— DIRECTIONS FOR THIS TASK —
Without adding anything, give again the lines from the one holding "Document type: Invoice" through the final line of the records, exactly, with both ends included and pictures dropped.

— INFORMATION SUPPLIED —
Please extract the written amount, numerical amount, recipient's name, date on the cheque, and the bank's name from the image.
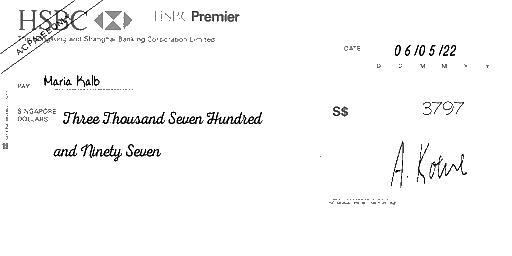
amt_in_words: Three Thousand Seven Hundred and Ninety Seven
amt_in_figures: 3797
payee_name: Maria Kalb
bank_name: HSBC
cheque_date: 06/05/22
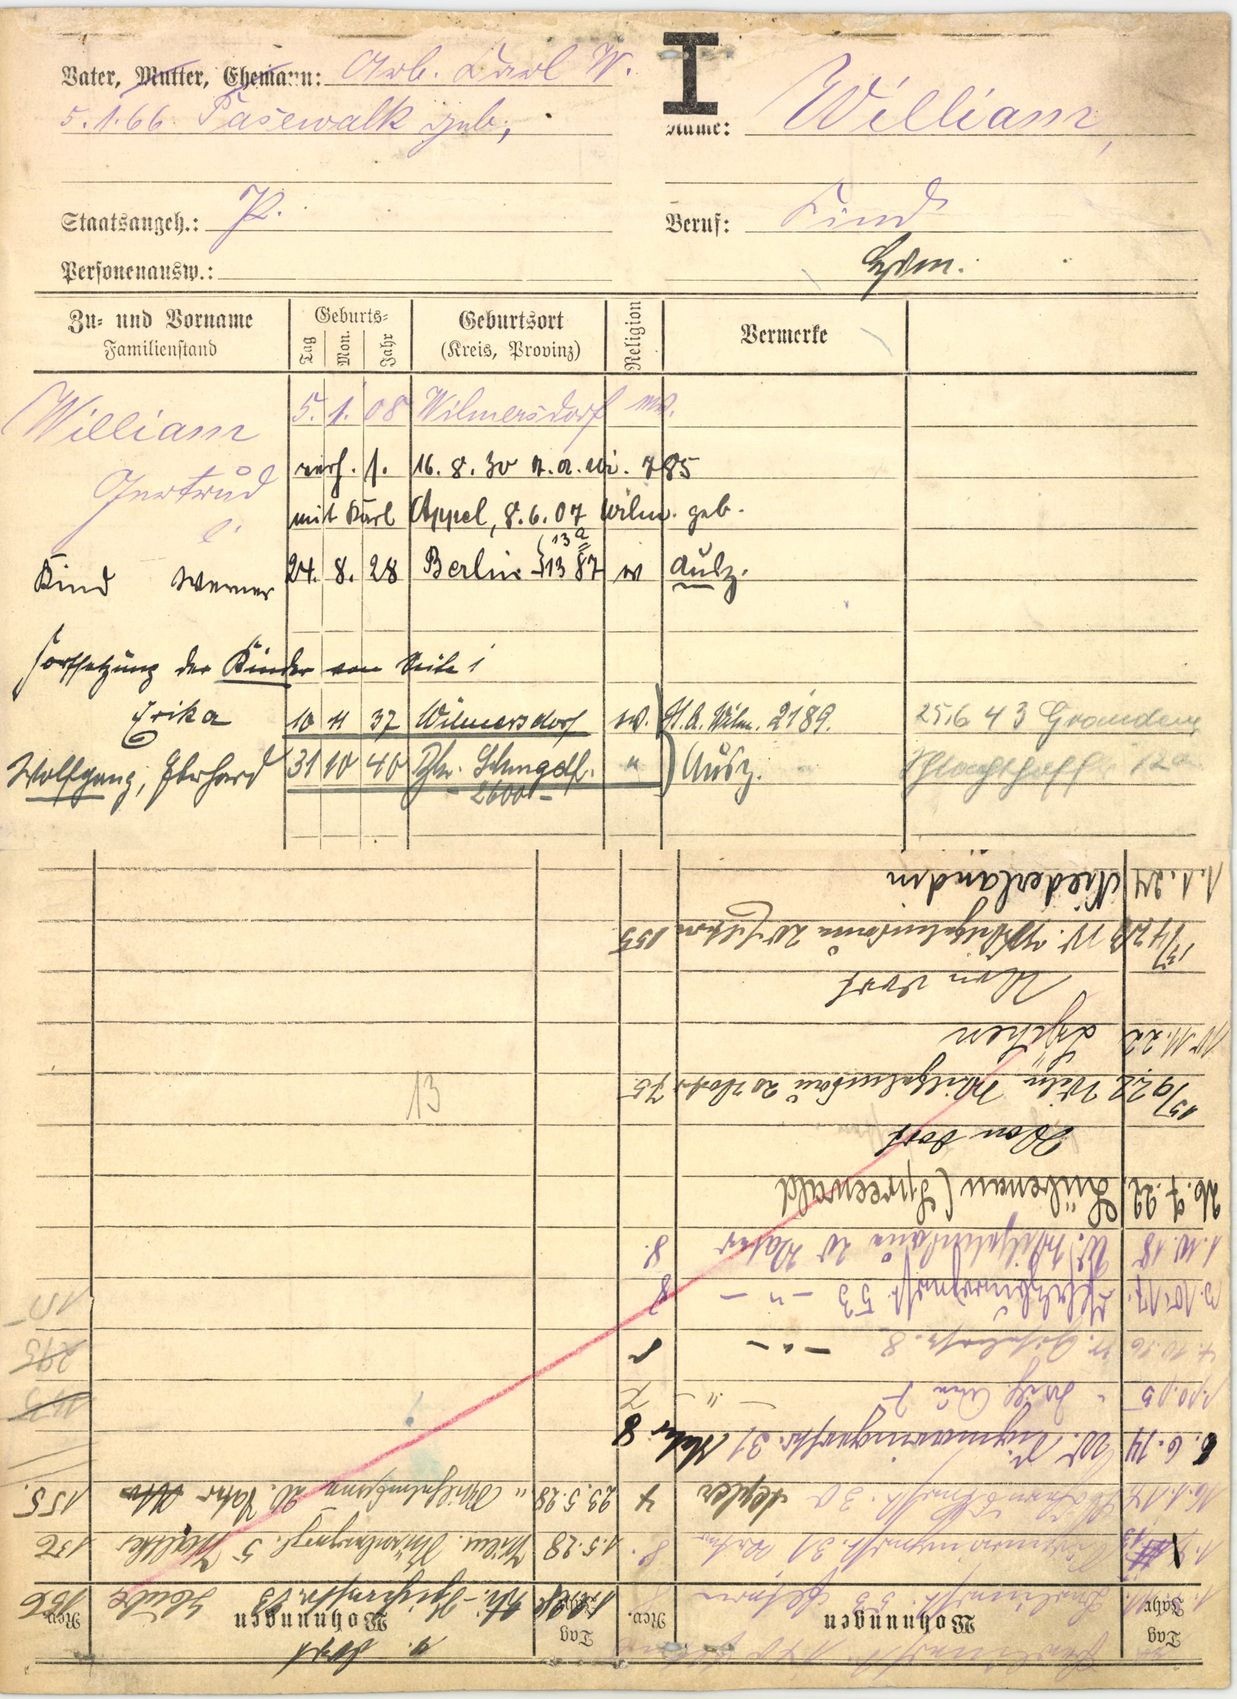
William
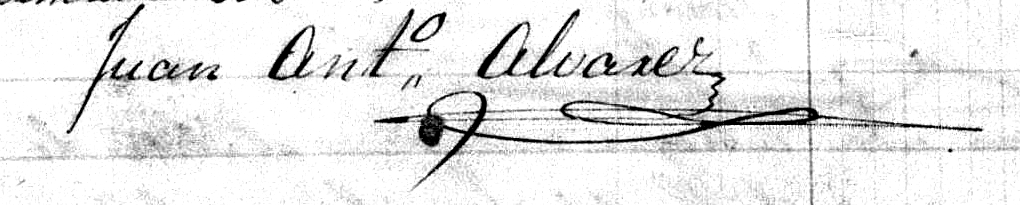
Signature of: juan antonio álvarez
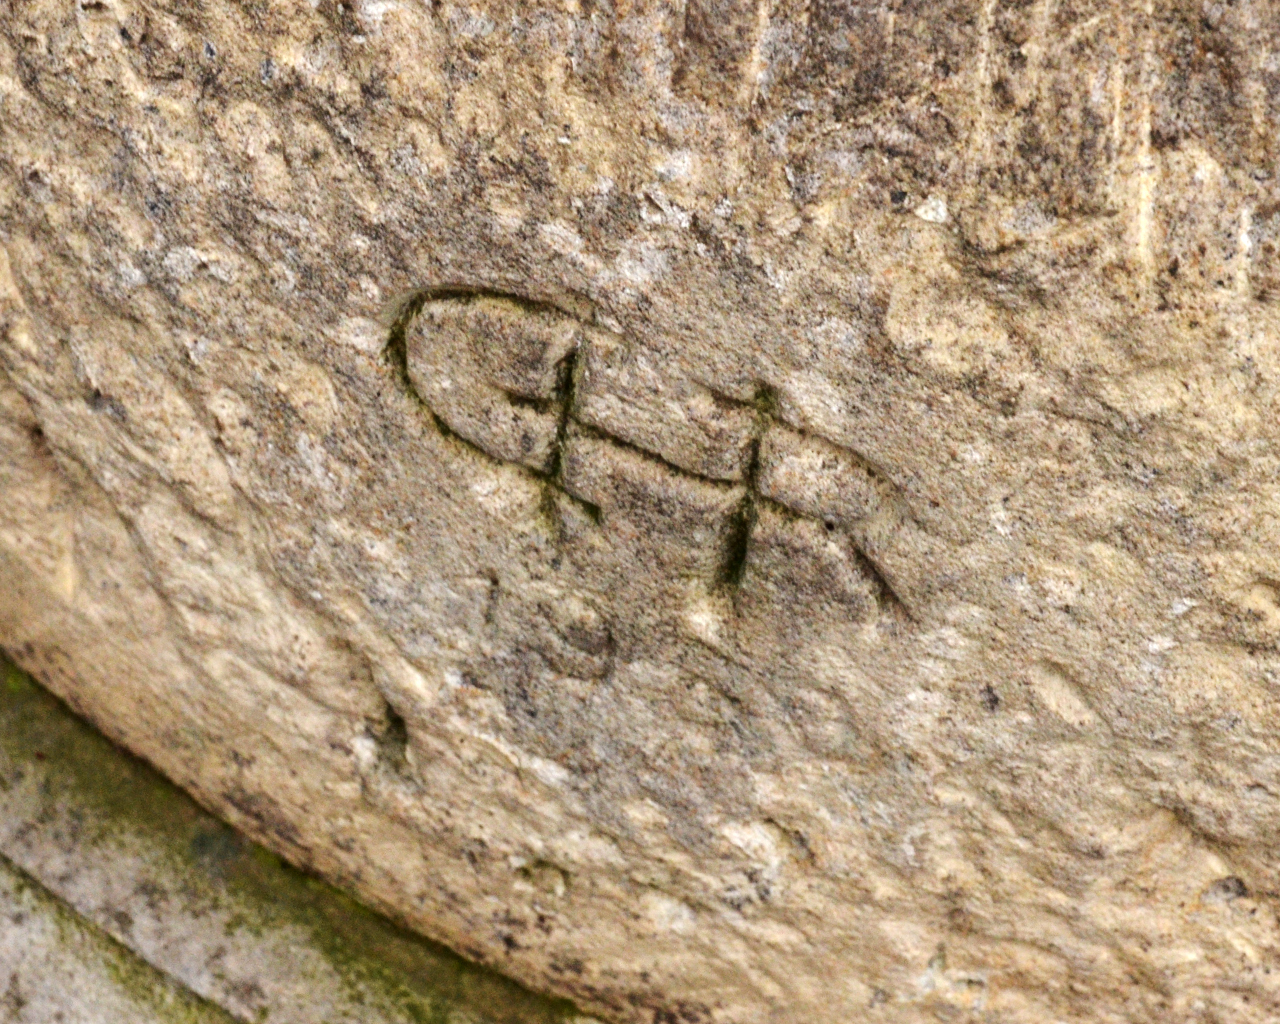
Signature of: rudolf chorý
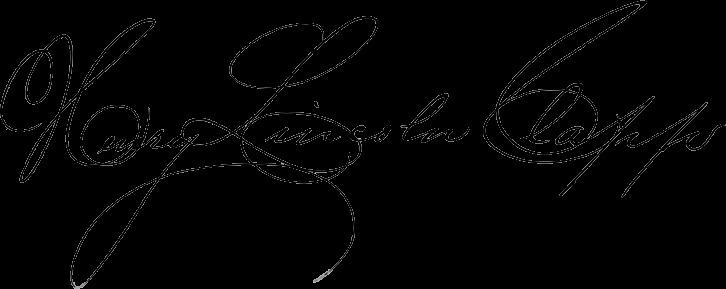
Signature of: henry lincoln clapp
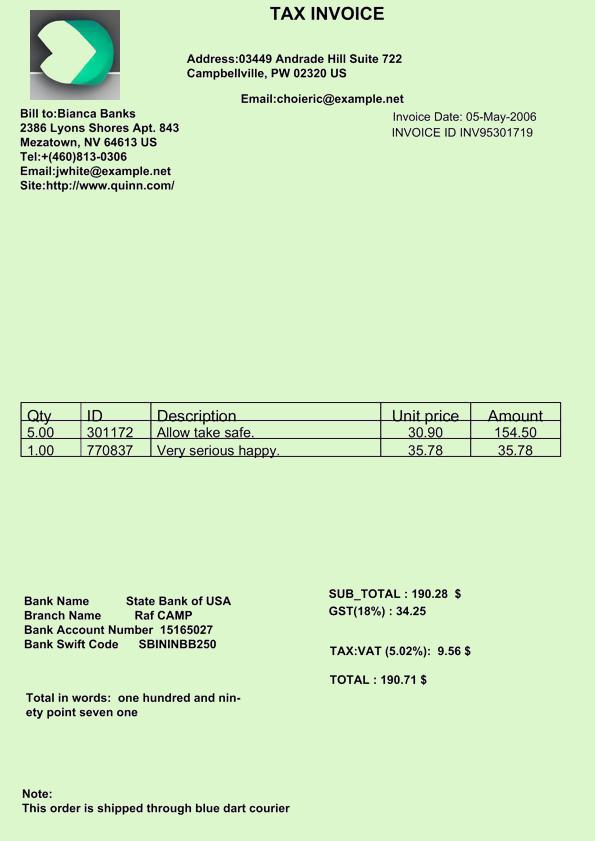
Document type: Invoice
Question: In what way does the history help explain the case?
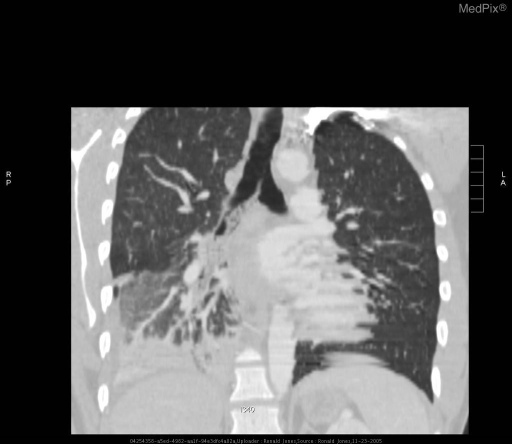
Answer: The patient's history of 26 y/o man with traumatic brain injury had oxygen saturation decrease to mid 80’s which would not correct with O2 by face mask. is key in understanding the case.
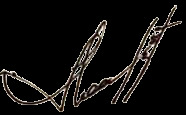
Signature of: hikmat hasanov

— RESULT BELOW —
Document type: Invoice
Question: In what way does the history help explain the case?
Answer: The patient's history of 26 y/o man with traumatic brain injury had oxygen saturation decrease to mid 80’s which would not correct with O2 by face mask. is key in understanding the case.
Signature of: hikmat hasanov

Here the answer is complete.